§ REQUIRED WORK
Look through the data below. Show each line where the string "name" occurs.
====== DATA TO EXAMINE
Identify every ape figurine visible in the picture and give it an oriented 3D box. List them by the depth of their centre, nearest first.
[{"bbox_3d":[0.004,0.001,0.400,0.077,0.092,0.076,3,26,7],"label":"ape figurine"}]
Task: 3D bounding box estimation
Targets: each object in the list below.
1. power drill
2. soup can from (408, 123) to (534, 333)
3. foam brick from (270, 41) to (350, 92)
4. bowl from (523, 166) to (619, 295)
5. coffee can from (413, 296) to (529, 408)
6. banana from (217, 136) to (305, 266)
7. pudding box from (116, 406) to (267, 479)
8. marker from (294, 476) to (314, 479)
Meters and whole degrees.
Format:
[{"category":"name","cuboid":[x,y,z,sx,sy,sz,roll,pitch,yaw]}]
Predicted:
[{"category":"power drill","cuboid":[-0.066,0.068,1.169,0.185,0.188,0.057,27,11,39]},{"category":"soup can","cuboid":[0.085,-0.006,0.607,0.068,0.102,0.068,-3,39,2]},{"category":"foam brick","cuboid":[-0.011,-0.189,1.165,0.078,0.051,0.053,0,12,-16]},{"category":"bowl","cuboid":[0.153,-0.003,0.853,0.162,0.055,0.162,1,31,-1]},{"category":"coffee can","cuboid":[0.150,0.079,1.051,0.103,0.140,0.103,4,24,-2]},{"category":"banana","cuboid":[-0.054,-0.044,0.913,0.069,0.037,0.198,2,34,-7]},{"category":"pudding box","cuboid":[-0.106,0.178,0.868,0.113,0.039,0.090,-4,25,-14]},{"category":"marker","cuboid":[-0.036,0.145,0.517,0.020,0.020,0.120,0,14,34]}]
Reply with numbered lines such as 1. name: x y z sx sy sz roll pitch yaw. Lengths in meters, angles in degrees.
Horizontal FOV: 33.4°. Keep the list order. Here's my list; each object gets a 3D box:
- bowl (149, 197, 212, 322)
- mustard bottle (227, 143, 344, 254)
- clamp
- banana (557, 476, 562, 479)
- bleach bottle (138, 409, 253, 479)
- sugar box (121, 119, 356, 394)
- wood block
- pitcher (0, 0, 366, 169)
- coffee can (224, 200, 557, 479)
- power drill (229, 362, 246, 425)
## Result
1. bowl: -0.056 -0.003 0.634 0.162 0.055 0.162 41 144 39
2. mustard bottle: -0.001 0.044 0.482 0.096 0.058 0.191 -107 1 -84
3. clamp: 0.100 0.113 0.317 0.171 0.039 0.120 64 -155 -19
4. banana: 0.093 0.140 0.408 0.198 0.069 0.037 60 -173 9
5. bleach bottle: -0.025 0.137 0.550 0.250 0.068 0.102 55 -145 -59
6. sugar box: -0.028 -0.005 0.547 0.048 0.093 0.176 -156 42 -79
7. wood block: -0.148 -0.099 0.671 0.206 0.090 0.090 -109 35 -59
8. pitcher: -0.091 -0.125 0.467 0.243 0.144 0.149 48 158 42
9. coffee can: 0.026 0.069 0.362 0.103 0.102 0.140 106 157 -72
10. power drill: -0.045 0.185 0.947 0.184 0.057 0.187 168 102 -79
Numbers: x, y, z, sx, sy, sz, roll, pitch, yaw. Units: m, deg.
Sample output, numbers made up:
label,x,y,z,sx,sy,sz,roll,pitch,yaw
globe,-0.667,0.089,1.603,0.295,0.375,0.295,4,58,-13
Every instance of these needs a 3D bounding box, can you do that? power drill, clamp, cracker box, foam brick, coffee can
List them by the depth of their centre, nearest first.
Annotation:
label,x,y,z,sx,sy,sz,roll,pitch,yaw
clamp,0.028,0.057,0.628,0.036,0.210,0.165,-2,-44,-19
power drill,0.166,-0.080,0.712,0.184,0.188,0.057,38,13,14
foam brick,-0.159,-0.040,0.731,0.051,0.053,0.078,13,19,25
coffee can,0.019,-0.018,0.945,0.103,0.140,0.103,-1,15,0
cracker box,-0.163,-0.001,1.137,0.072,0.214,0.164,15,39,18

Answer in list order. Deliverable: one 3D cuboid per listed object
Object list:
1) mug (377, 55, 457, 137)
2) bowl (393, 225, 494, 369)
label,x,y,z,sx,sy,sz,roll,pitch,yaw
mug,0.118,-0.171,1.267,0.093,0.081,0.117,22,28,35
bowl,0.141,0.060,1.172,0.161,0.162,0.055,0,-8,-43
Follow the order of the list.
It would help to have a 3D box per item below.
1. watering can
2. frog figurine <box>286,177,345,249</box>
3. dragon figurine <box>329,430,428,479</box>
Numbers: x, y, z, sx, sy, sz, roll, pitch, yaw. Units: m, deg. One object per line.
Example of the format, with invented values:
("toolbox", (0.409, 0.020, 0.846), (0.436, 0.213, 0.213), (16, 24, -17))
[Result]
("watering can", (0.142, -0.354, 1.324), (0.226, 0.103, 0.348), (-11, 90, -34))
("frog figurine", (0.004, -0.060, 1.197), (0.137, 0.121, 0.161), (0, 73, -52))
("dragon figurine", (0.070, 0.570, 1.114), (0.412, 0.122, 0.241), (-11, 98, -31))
============
====== DATA TO EXAMINE
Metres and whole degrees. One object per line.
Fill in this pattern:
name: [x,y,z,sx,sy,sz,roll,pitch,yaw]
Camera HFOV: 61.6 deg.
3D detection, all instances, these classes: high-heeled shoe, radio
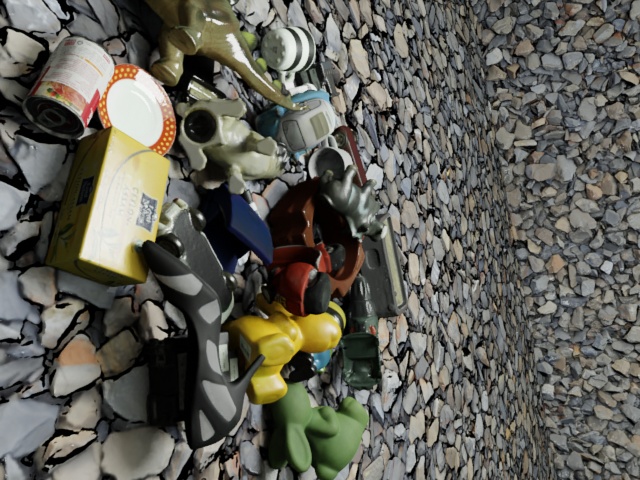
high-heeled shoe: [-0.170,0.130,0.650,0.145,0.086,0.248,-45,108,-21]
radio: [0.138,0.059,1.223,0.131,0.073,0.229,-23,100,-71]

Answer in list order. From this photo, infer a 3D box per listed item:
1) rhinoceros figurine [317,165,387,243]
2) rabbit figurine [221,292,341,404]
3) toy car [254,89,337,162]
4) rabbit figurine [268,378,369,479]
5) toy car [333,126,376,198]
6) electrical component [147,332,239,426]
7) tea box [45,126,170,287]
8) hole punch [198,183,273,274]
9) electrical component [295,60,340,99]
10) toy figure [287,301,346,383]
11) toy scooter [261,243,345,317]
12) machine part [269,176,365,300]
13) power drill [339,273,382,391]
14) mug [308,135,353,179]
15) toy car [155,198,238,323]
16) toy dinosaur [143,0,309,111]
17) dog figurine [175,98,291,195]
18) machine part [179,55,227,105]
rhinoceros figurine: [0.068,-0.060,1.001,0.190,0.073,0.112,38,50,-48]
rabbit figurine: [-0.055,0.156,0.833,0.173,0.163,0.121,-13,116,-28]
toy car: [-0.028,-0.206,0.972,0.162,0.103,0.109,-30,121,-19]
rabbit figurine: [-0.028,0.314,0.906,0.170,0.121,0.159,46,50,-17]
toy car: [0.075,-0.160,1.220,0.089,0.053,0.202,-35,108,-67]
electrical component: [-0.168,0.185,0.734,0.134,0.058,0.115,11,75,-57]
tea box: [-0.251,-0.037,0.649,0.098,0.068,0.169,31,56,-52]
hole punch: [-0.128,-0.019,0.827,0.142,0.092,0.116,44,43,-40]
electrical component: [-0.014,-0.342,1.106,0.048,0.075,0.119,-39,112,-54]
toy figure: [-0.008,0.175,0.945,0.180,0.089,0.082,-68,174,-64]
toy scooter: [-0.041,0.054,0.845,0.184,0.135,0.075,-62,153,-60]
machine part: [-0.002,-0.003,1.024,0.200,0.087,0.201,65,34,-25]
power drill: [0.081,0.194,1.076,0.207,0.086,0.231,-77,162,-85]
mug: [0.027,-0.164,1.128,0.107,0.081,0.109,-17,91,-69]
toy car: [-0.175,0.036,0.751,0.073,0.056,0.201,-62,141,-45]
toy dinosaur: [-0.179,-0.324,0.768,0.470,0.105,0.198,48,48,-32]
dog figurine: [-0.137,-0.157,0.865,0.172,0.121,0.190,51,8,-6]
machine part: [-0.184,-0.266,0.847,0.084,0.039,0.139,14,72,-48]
============
§ WRITTEN SOLUTION
[{"category":"name","cuboid":[x,y,z,sx,sy,sz,roll,pitch,yaw]}]
Reply with numbered lines such as 1. name: x y z sx sy sz roll pitch yaw. Lengths in meters, angles in degrees.
name: [x,y,z,sx,sy,sz,roll,pitch,yaw]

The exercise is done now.